*** Records for the task ***

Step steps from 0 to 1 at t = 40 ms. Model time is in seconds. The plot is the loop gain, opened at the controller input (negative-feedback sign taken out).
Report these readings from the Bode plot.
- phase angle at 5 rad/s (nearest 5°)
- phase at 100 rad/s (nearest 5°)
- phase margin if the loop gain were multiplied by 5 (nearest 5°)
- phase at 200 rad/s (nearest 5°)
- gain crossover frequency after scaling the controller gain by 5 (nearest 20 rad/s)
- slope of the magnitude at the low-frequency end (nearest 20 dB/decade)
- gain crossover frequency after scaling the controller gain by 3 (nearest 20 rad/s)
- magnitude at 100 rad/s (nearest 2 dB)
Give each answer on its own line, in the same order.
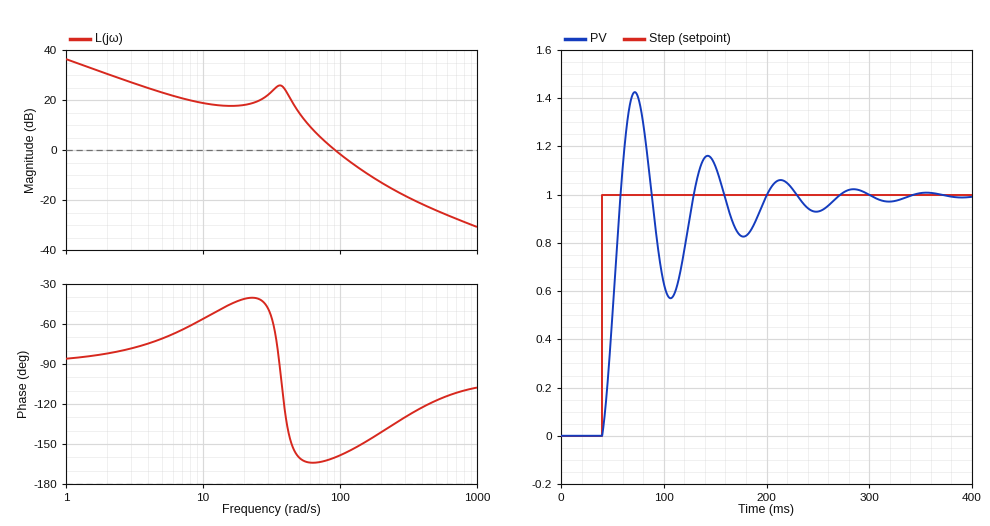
-70°
-160°
40°
-140°
220 rad/s
-20 dB/decade
160 rad/s
-2 dB
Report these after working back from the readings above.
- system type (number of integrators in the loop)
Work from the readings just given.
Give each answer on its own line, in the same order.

1
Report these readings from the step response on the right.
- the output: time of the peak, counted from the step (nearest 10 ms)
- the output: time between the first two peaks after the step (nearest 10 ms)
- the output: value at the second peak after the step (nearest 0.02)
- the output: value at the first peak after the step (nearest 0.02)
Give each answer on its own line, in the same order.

30 ms
70 ms
1.16
1.42

*** End of Records for the task ***

A verbatim copy of every entry above, with no pictures, is the expected output.

Step steps from 0 to 1 at t = 40 ms. Model time is in seconds. The plot is the loop gain, opened at the controller input (negative-feedback sign taken out).
Report these readings from the Bode plot.
- phase angle at 5 rad/s (nearest 5°)
- phase at 100 rad/s (nearest 5°)
- phase margin if the loop gain were multiplied by 5 (nearest 5°)
- phase at 200 rad/s (nearest 5°)
- gain crossover frequency after scaling the controller gain by 5 (nearest 20 rad/s)
- slope of the magnitude at the low-frequency end (nearest 20 dB/decade)
- gain crossover frequency after scaling the controller gain by 3 (nearest 20 rad/s)
- magnitude at 100 rad/s (nearest 2 dB)
Give each answer on its own line, in the same order.
-70°
-160°
40°
-140°
220 rad/s
-20 dB/decade
160 rad/s
-2 dB
Report these after working back from the readings above.
- system type (number of integrators in the loop)
Work from the readings just given.
Give each answer on its own line, in the same order.

1
Report these readings from the step response on the right.
- the output: time of the peak, counted from the step (nearest 10 ms)
- the output: time between the first two peaks after the step (nearest 10 ms)
- the output: value at the second peak after the step (nearest 0.02)
- the output: value at the first peak after the step (nearest 0.02)
Give each answer on its own line, in the same order.

30 ms
70 ms
1.16
1.42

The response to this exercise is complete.